Only Maya Angelou can write about loss and make it uplifting. She proved it with the very first volume of her autobiography, I Know Why the Caged Bird Sings (1958), and she achieves it again with her sixth and last volume of memoirs, A Song Flung Up to Heaven.

In this new book, Dr. Angelou recalls bidding a painful goodbye to Ghana, the country she loved, and to a man she loved there, returning to a much-changed United States. "The year was 1964," Angelou writes. "The cry of burn, baby, burn' was loud in the land, and black people had gone from the earlier mode of sit-in' to set fire,' and from march-in' to break-in.'" No sooner did she land in San Francisco than her friend Malcolm X was shot and killed. The riots at Watts followed. So did the assassination of Martin Luther King Jr. Her hopes and idealism shattered, Angelou felt each loss like a blow to the heart. "I was blitheringly innocent until I was about 35," she said in a recent interview. "I seem to have had the scales pulled off my eyes, and I decided I didn't like that. What I have done, what most of us do, is contrive an innocence. I contrived an innocence that kept me and keeps me quite young. However just behind that facade there is a knowing. By the time Dr. King was killed, I came to understand a lot of things. I learned I could handle myself. I learned a lot about my own inner strength. I learned that I was greatly loved."

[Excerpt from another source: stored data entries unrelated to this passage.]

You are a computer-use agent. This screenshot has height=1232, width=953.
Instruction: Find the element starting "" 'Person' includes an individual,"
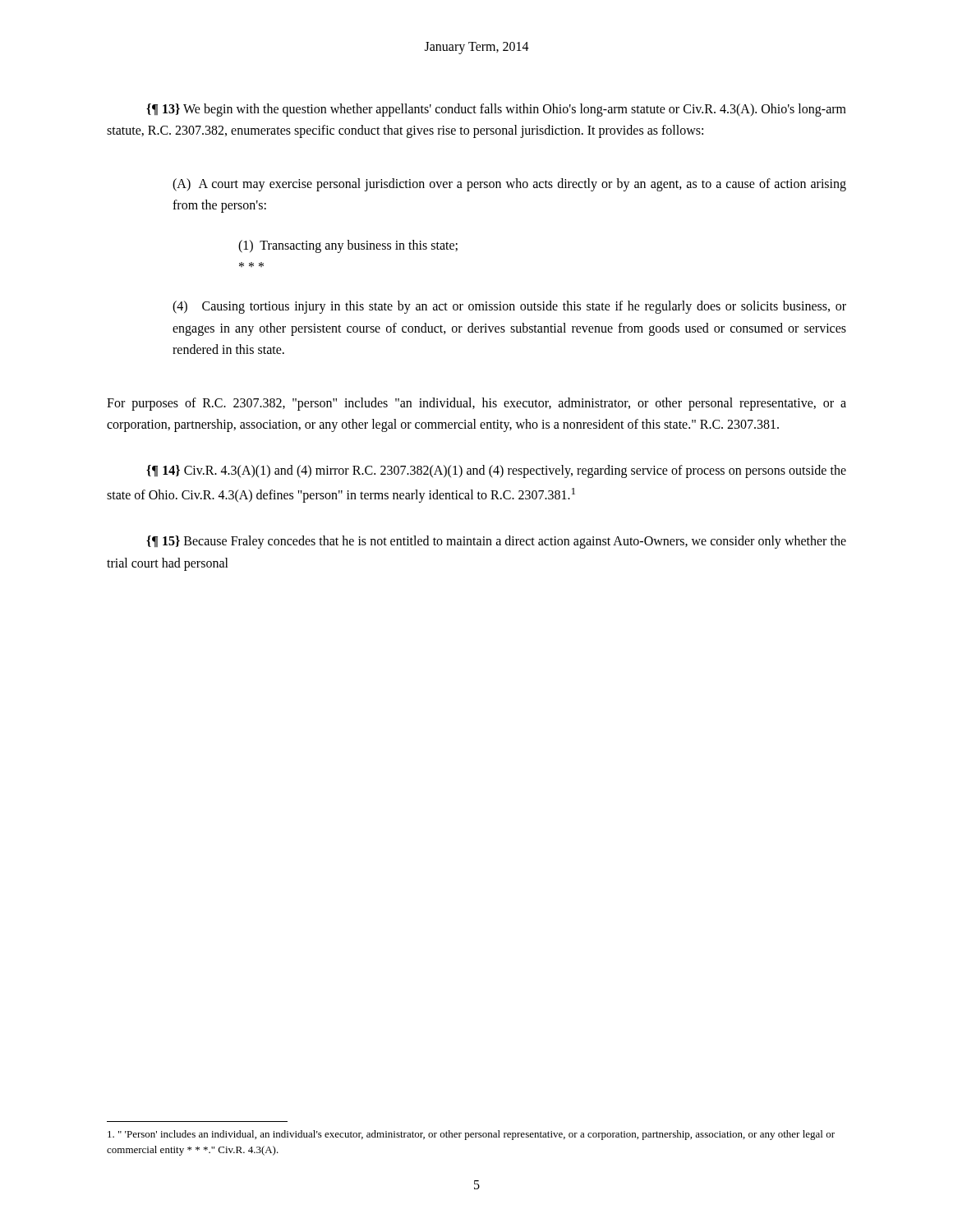tap(471, 1142)
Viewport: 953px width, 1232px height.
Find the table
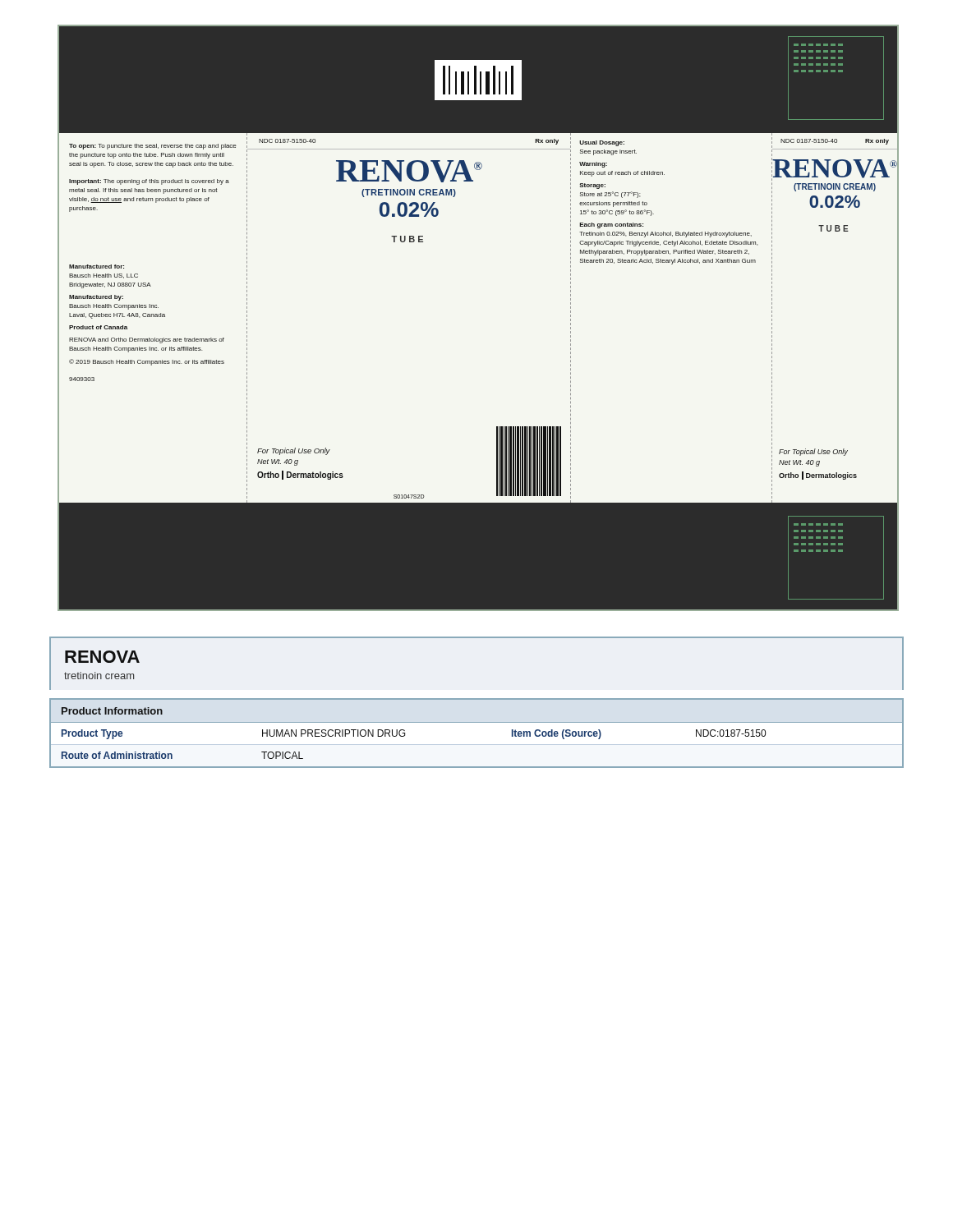[476, 733]
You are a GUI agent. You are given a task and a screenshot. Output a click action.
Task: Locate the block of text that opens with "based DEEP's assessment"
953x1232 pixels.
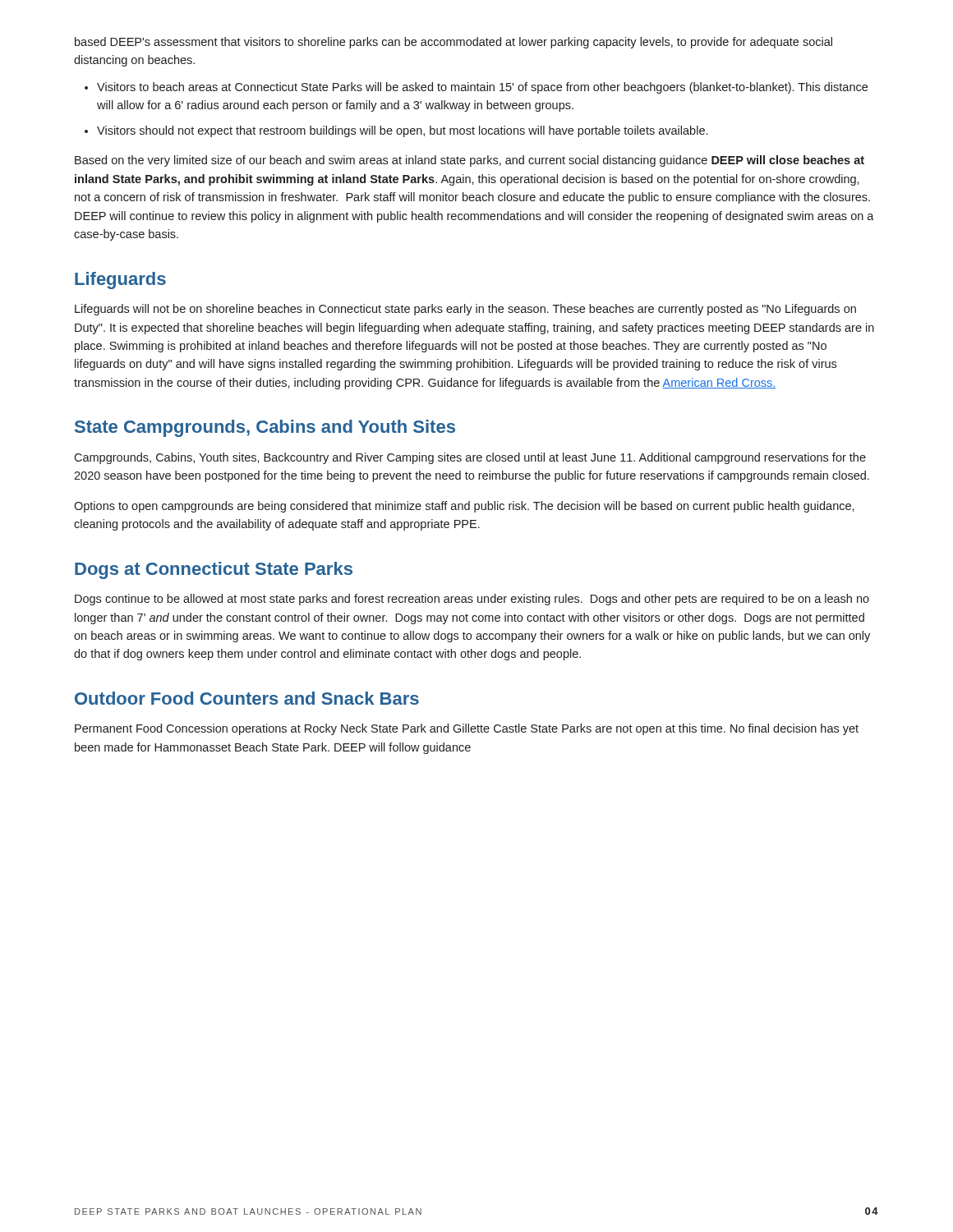476,51
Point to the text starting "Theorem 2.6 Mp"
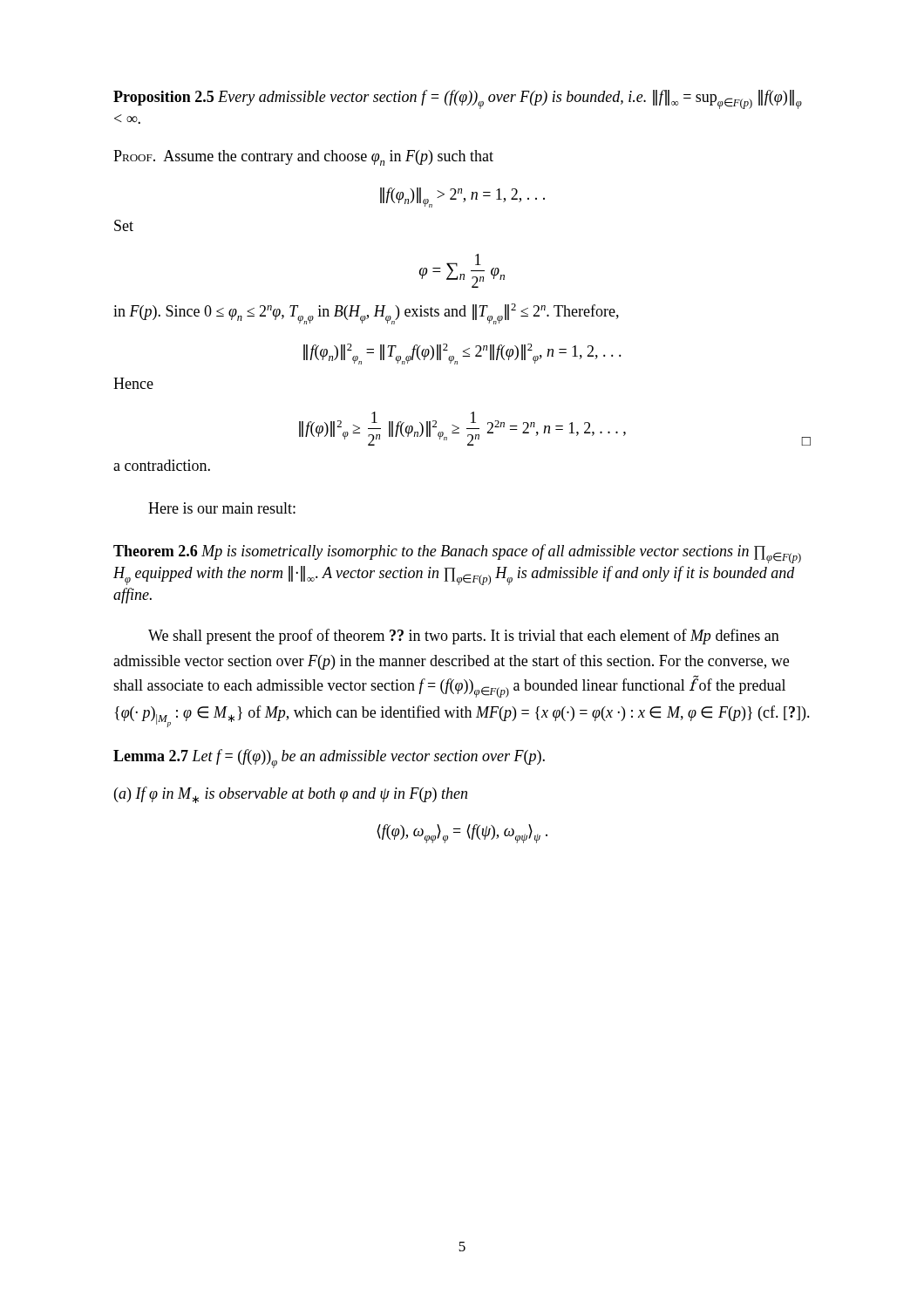 (457, 573)
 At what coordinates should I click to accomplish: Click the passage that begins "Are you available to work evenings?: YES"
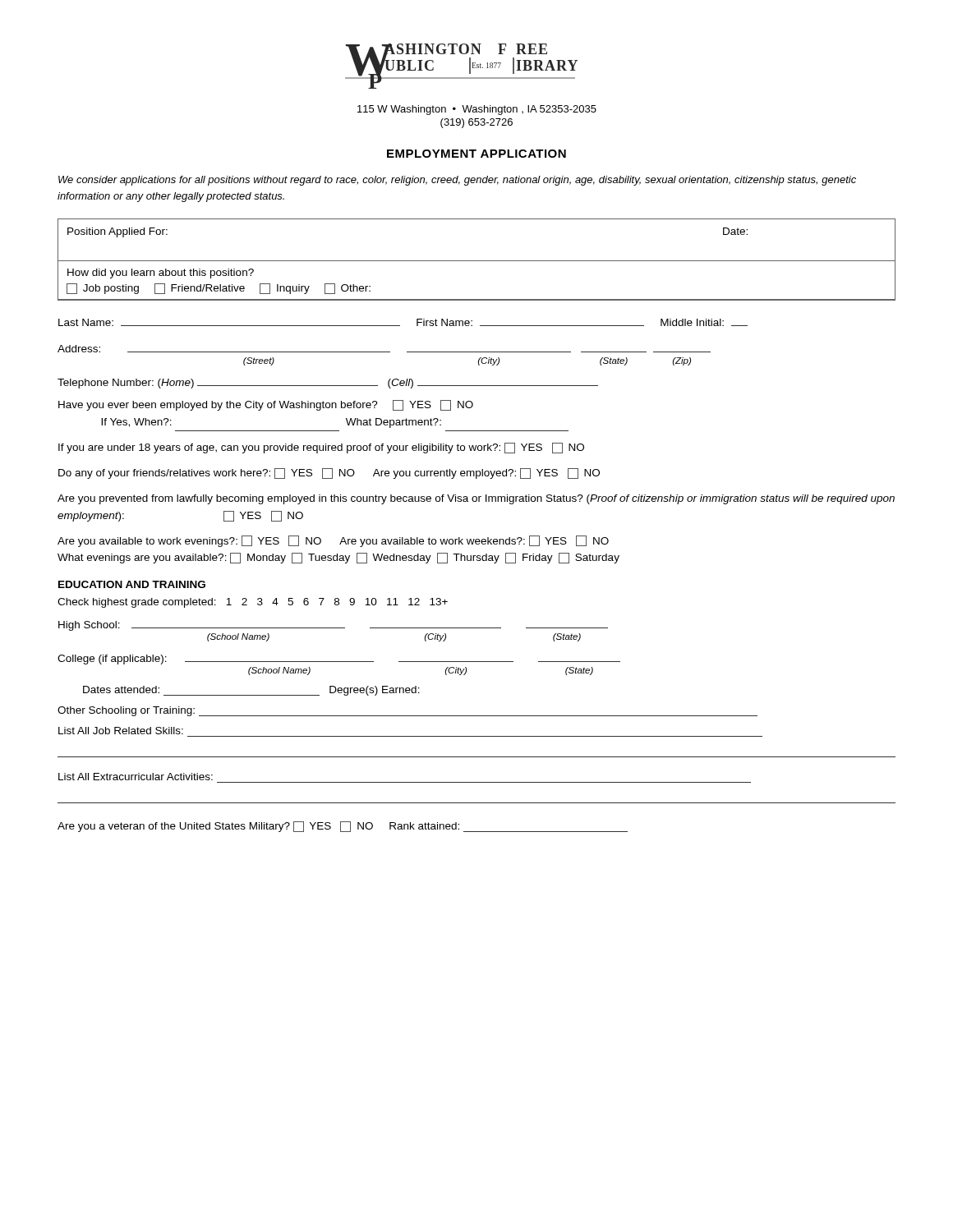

The love of family and friends like author James Baldwin (Go Tell It on the Mountain, The Fire Next Time) sustained her. "Agape love, the power of it really was made clear to me. There's a statement Polonius makes in Hamlet when he's talking to his son, in that 'To thine own self be true' monologue. 'Those friends thou has and their adoption tried/Grapple them to thy soul with hoops of steel.' I didn't know how important that was until those rigorous, vigorous challenging years. I learned, ah, that's what that means."

As she cast about deciding what to do with her life, Angelou put food on the table by singing in a Honolulu night club. Anyone familiar with the voice as warm and welcoming as a hearth fire can well imagine her as a singer, but Angelou decided it was too demanding a profession, requiring too much sacrifice. Why, then, did she decide to write?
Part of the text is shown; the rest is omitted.